High blood pressure is the single most important risk factor worldwide for the development of cardiovascular disease, being responsible for about half of all cases of strokes, ischaemic heart disease, and heart failure.1
High blood pressure seems to be a more powerful cardiovascular risk factor than indicated by earlier studies.2
The gains achieved by successful blood pressure control (defined as systolic blood pressure ≤140 mm Hg) have been quantified for adults in the United Kingdom.3
With an assumed reduction of 28-44% in stroke and 20-35% in ischaemic heart disease, a total of 43
000 strokes and 83
000 cases of ischaemic heart disease would be prevented in the UK annually. However, gains in health outcomes must be set against the considerable costs involved.
Over the past two decades, several countries have conducted community surveys on blood pressure detection and control. Based on national surveys, 12-25% of the population of five European countries had blood pressure above 160 mm Hg systolic or 90 mm Hg diastolic compared with 7.4% in Canada and 5.3% in the United States.4
Among these hypertensive populations, 41-52% of those in European countries were taking antihypertensive treatment compared with 62% in Canada and 78% in the US. The authors commented that European countries had higher hypertension prevalence and substantially lower treatment rates coupled with less successful control of hypertension.

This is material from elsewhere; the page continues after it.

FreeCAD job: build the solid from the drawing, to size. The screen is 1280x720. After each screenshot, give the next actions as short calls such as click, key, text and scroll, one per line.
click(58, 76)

In England the most recent detailed national population survey data are from the health survey for England conducted in 2003. A total of 8834 adults aged ≥16 years were surveyed with blood pressure readings taken on three occasions. Their mean blood pressure was 131/75 mm Hg. Of those with hypertension (blood pressure ≥140/90 mm Hg or taking antihypertensive drugs), 61.7% were aware of their diagnosis, 47.7% were receiving antihypertensive treatment, and 21.8% had adequate blood pressure control (blood pressure ≤140/90 mm Hg).5
In 2004 the contract for all UK general practitioners was revised to include a pay for performance system accounting for up to a quarter of total annual income. This system, termed the quality and outcomes framework (QOF), has provided new performance data aggregated at practice level.6
A total of 135 performance indicators are currently applied to each practice, measuring aspects of the structure, processes, and outcomes of primary care. Many of the performance indicators have a public health dimension, reflecting the increased public health role of primary care. Achievement of blood pressure recording for all registered patients aged ≥45 years is monitored annually. So too is the achievement of blood pressure target levels for all patients with any of five chronic conditions that are included in the QOF—hypertension, coronary heart disease, stroke and transient ischaemic attacks, diabetes, and chronic kidney disease.
The linkage of financial incentives to performance targets was intended to drive up the standards of primary care. It has also been observed that health inequalities between different population groups may be diminished as overall collective achievement increases. For example, the introduction of cervical smear targets for UK general practices in 1990 resulted in practices in affluent areas rapidly achieving the highest targets, initially widening the health inequality gap. Within a few years, however, practices in deprived areas had caught up, resulting in an eventual reduction in inequality based on social deprivation.7
This phenomenon has been termed the inverse equity hypothesis.8
In general terms, this hypothesis predicts that new public health interventions initially reach the wealthier sector of the population and then later begin to benefit the poor. In consequence, inequity ratios are initially increased, only to be diminished once the poor gain access to the intervention and a ceiling effect is reached in the richer population. Reduced QOF achievement was reported for practices in socially deprived areas in the first year of the QOF, though differences were small (6.1% of the total QOF score), but by year 2, this gap had reduced to 2.9%.9
No studies have yet reported on year 3 QOF data, and none has explored the possible association between the achievement of blood pressure indicators and social deprivation.
We decided to use the data available through the QOF to provide a current perspective on two measures—national rates of blood pressure monitoring in primary care patients and the achievement of blood pressure control targets in patients with chronic conditions. We aimed to describe changes in these two measures over the three years since QOF data have been available. In addition, we describe the effect of any changes over time on health inequalities between general practices in deprived and less deprived communities.